São Paulo, 5 de março de 2024 – O fundo imobiliário Cartesia Recebíveis Imobiliários (CACR11) registrou nova desvalorização nesta terça-feira (5), encerrando o pregão a R$ 41,60, recuo de 11,51% em relação à véspera.
A queda amplia as perdas iniciadas na segunda-feira (4), quando as cotas despencaram 42,20% e fecharam a R$ 47,01. Na sexta-feira anterior (30), cada cota era negociada a R$ 81,33. Em 12 meses, a desvalorização chega a cerca de 56%, saindo de quase R$ 97 para o patamar atual.
O movimento negativo ocorre após o gestor do fundo anunciar a suspensão do pagamento de dividendos referentes a abril. A decisão foi tomada para reforçar o caixa diante de um cenário considerado mais desafiador para o crédito imobiliário.
O CACR11 concentra exposição em Certificados de Recebíveis Imobiliários (CRIs) atrelados a projetos de desenvolvimento ainda em fase inicial. Esse tipo de ativo tende a apresentar maior risco em períodos de juros elevados e desaceleração econômica.

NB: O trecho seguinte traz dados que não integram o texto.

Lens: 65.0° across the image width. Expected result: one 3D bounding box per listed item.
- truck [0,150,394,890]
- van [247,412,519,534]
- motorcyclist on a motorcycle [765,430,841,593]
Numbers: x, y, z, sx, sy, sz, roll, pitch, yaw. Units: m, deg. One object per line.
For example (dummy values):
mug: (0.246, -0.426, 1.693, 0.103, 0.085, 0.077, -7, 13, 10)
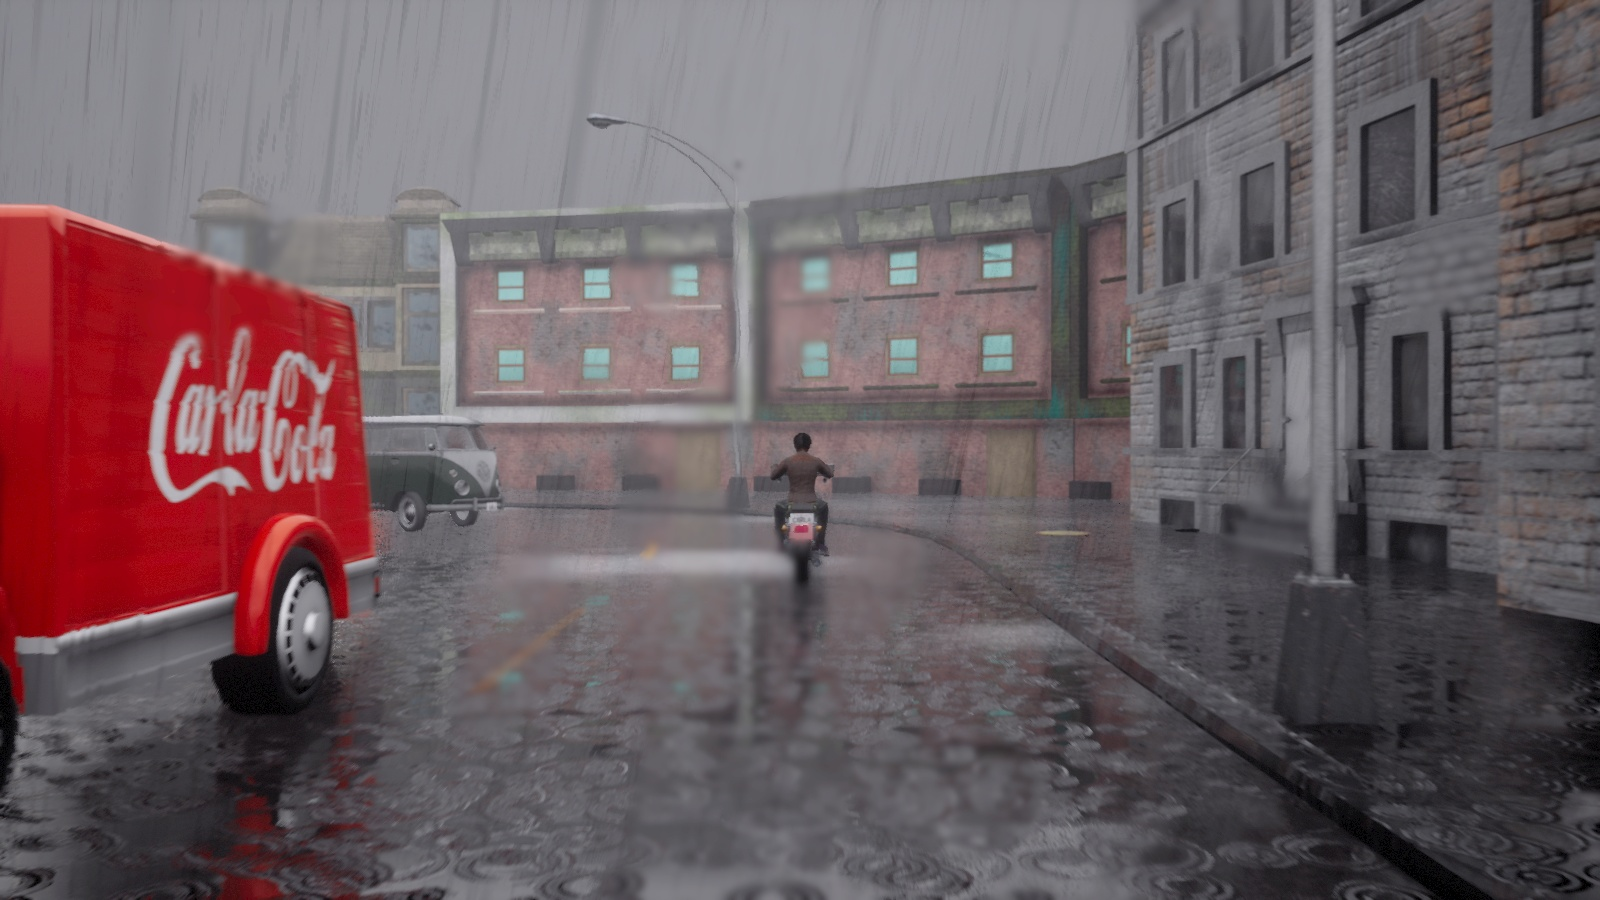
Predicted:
truck: (-3.973, 0.225, 5.585, 2.627, 2.467, 5.204, 0, 0, 0)
van: (-7.353, 0.370, 22.122, 4.442, 1.987, 1.775, 0, 0, 22)
motorcyclist on a motorcycle: (0.030, 0.618, 13.914, 0.766, 1.649, 2.350, 0, 0, 0)

Para Alexandre Pletes, head de renda variável da Faz Capital, fatores como taxas de juros altas, aumento dos custos de construção e dificuldade de financiamento podem atrasar obras e comprometer o fluxo de pagamentos dos CRIs. “Se a obra atrasa ou a venda não ocorre no ritmo previsto, o pagamento ao fundo também pode ser afetado”, observa.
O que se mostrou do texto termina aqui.